I asked Frank about the baby harp seal thing, how she might respond to information like that. Well, he said, she'll probably think, "That's a stupid thing to do. I'd never do that." But, he continued, she'll probably be too focused on what's going on in her life to really pay much attention.
Sigh. I can hear the arguments now:
Me, frazzled at the end of the day: "How can you stand there and say you don't care about baby harp seals? How would you feel if you were clubbed to death?"
Her: "Why are you so upset about baby harp seals? You're not a harp seal. Besides, I need a new bike. When can I have a new bike? When can I have a new bike? When can I have a new bike?"
At least now I'll have some idea why.
My daughter has a thing for dangerous toys. Plastic bags hold a particular fascination for her. Any plastic bag that comes within a foot of her attracts her immediate attention. She lunges and grabs. It's as though she can't control herself - it wants her to*. The crinkly sound is more than she can resist.
It used to be that any crinkly sound would wake her from a deep sleep. She would open her eyes and begin to crane her head around to find the cellophane or shopping bag that seemed to be calling out to her in a secret language: "I am your master! You want to grab me! Bury your face in my crinkliness. You are under my complete control!"

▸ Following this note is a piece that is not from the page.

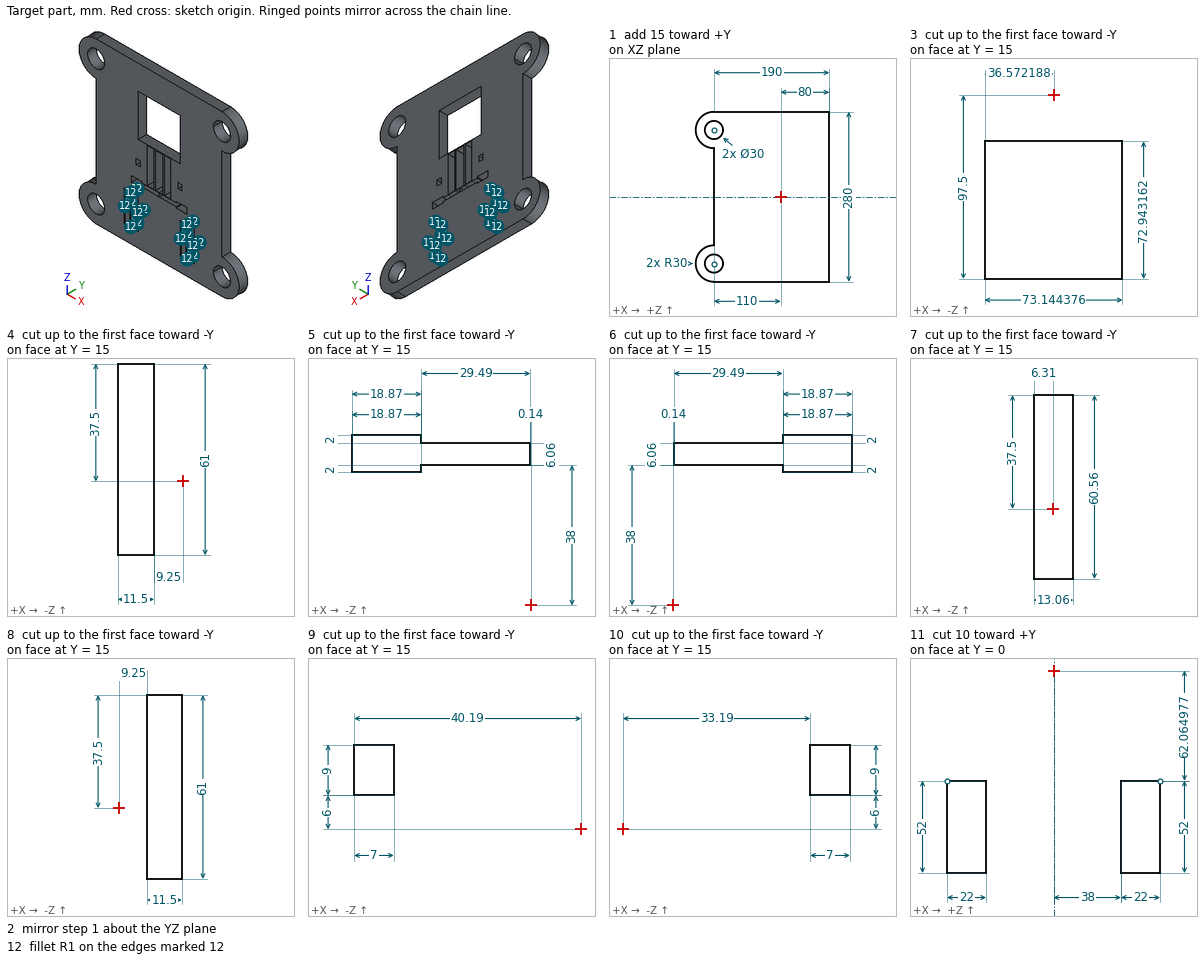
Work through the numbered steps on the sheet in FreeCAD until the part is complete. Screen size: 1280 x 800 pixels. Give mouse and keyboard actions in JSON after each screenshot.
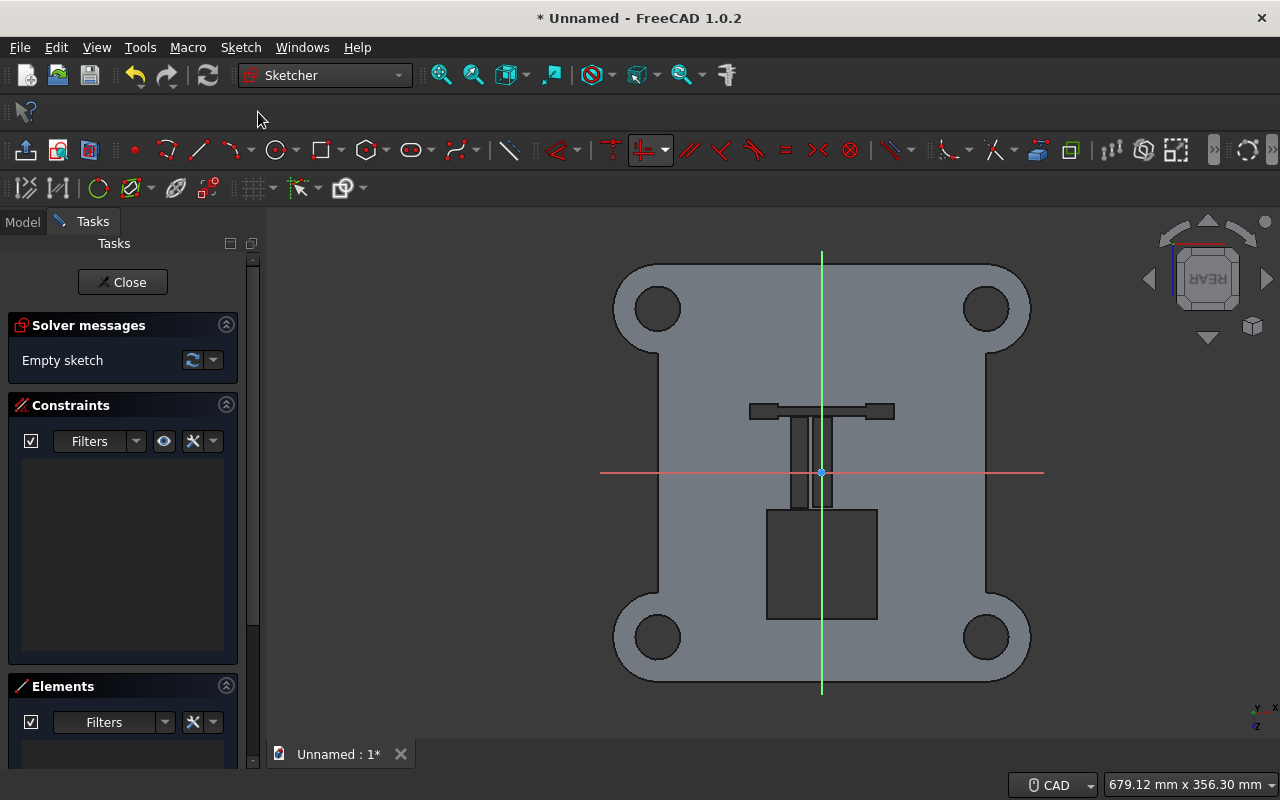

Needless to say but often repeated on the bags themselves, "This is not a toy. Do not place in playpens or cribs. This bag can cover the mouth and nose, leading to suffocation." Two-faced bastards.
I worry that this penchant for risky behavior could lead to bad things down the road. Who knows what she'll get into as a toddler? Stove knobs? Electrical outlets? Tearing the tags off our mattresses? I'm worried.
But that's why I have to keep a sharp eye on my baby. I have to protect my precious little girl and make sure nothing happens to her. I just want her to grow up safe and healthy so when she's 19 she can run off with a guy named Bo to join a motorcycle gang.
Things are going better on the emotional front these days. I'm trying a lot of new things with Paula so that the impact of daily life is reduced somewhat. Some of these I stumble on by accident. Friday, for example, I had an IBS attack which kept me on the sofa and fasting for most of the day, reading, and letting Paula climb on me and play with her toys next to me. At the end of the day I realized that Paula had barely squawked and had been so relaxed and happy all day. I don't know if this is a sign that I've been trying to do too much and she's been reacting to that with her loud vocalizations, but I've decided to spend more time on the sofa. I might even schedule it in, for example, two or three mornings a week. I don't have it all worked out yet, but it's a start.
I'm also getting a lot more assertive with Joel about my needs and his involvement in actively parenting Paula. It's not easy for either of us, but it has to be done. Between that and my zillion milligrams of fish oil every day, my mood has consistently improved.
This evening my mom is flying up from Atlanta to spend this week with us and I'm really looking forward to it. Joel has band camp this week so he'll be gone every evening and it will be so great to have my mom here to help during that difficult going-to-bed period. The last few nights I've been just sitting on the sofa and watching TV while Paula struggles to go to sleep on my lap. I find that she goes to sleep at almost exactly the same times regardless of where we are, and this way is easier on me. I've been super exhausted lately because of waking up to nurse around 3 a.m. and not being able to sleep well after that. So evenings are a definite low point for me and my mom's help and the joy of seeing her will not be lost on me.